## DATA FOR THE TASK

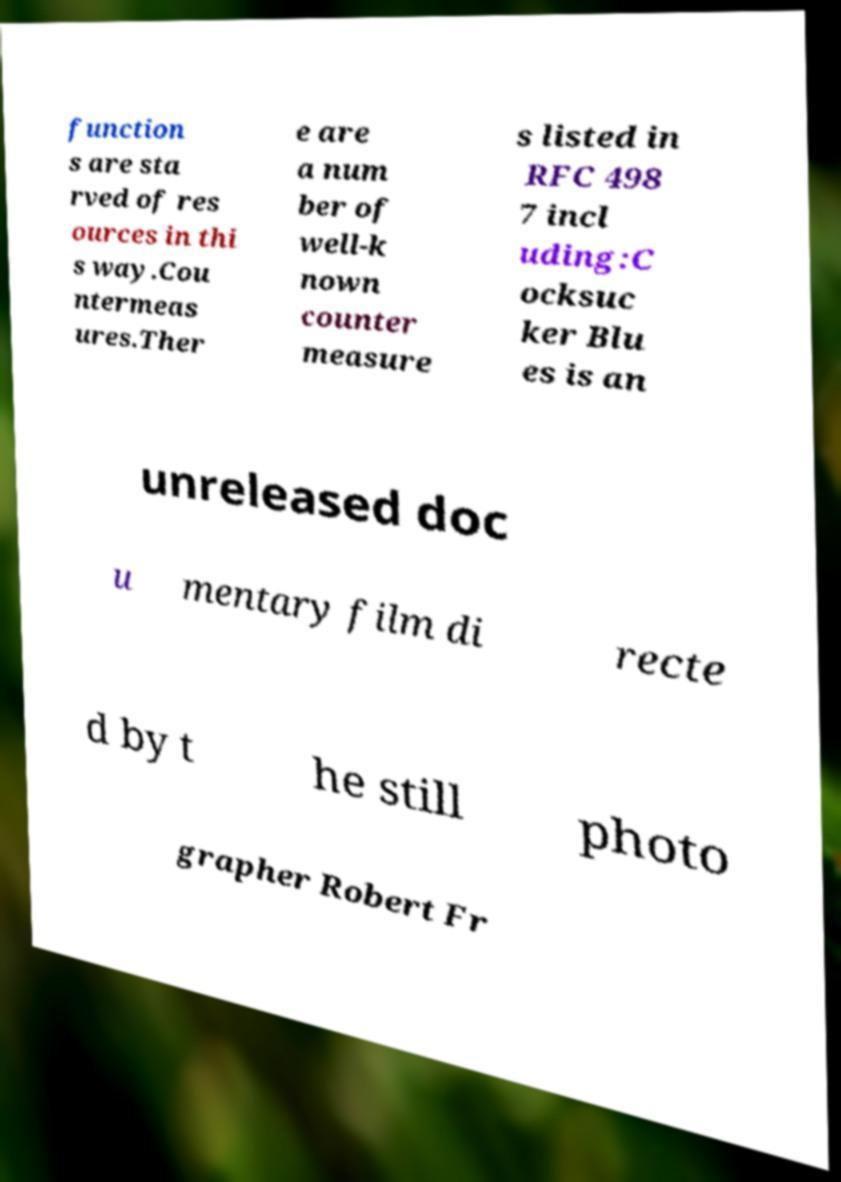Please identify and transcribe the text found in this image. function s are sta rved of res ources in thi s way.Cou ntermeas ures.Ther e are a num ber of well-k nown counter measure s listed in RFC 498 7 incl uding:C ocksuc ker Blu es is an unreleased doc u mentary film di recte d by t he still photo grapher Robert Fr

* * *

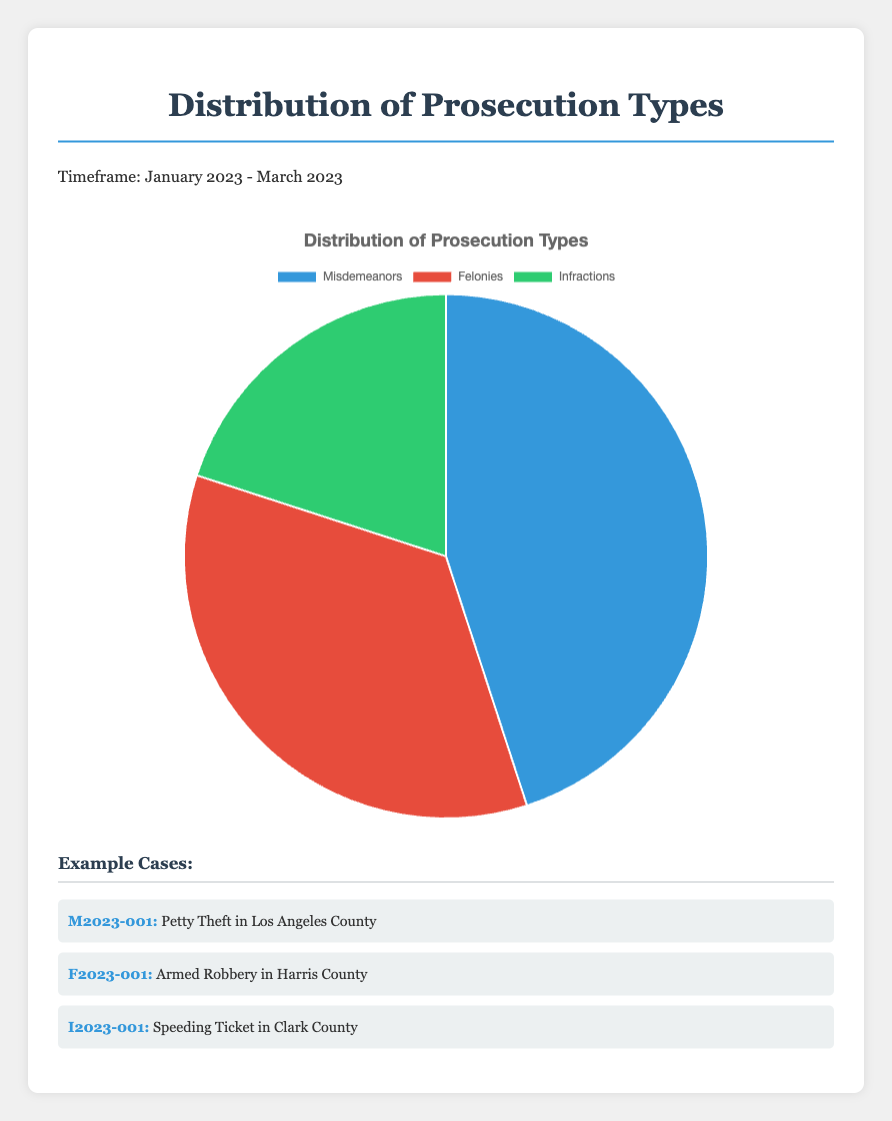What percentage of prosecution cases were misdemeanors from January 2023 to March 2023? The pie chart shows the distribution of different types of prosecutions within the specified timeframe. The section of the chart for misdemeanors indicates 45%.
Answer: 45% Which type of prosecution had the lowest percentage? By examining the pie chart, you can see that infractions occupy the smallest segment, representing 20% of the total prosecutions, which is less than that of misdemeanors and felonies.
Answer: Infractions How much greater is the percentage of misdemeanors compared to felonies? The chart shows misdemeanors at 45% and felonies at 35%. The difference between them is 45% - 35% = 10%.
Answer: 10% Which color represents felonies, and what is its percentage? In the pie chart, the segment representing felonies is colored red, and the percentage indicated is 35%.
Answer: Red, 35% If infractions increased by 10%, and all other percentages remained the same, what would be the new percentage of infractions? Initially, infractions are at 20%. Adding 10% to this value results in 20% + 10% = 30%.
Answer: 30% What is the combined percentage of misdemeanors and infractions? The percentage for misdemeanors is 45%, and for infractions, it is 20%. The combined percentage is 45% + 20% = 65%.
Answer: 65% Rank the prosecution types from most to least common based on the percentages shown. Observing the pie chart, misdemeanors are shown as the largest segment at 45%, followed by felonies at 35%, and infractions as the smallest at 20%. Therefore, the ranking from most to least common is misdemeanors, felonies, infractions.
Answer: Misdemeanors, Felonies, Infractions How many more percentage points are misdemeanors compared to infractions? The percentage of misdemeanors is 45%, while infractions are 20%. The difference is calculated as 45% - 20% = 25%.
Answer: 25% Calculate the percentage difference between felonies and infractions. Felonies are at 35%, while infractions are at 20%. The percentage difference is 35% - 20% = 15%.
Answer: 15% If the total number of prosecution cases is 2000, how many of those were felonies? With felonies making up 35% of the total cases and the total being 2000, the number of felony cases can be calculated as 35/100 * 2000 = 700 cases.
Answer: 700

## PROBLEM DETAILS
Among the records above, only the lines between the line holding "Answer: 10% Which" and the line holding "Answer: 30% What", inclusive, are to be output, exactly as written.

## WRITTEN REPLY
Answer: 10% Which color represents felonies, and what is its percentage? In the pie chart, the segment representing felonies is colored red, and the percentage indicated is 35%.
Answer: Red, 35% If infractions increased by 10%, and all other percentages remained the same, what would be the new percentage of infractions? Initially, infractions are at 20%. Adding 10% to this value results in 20% + 10% = 30%.
Answer: 30% What is the combined percentage of misdemeanors and infractions? The percentage for misdemeanors is 45%, and for infractions, it is 20%. The combined percentage is 45% + 20% = 65%.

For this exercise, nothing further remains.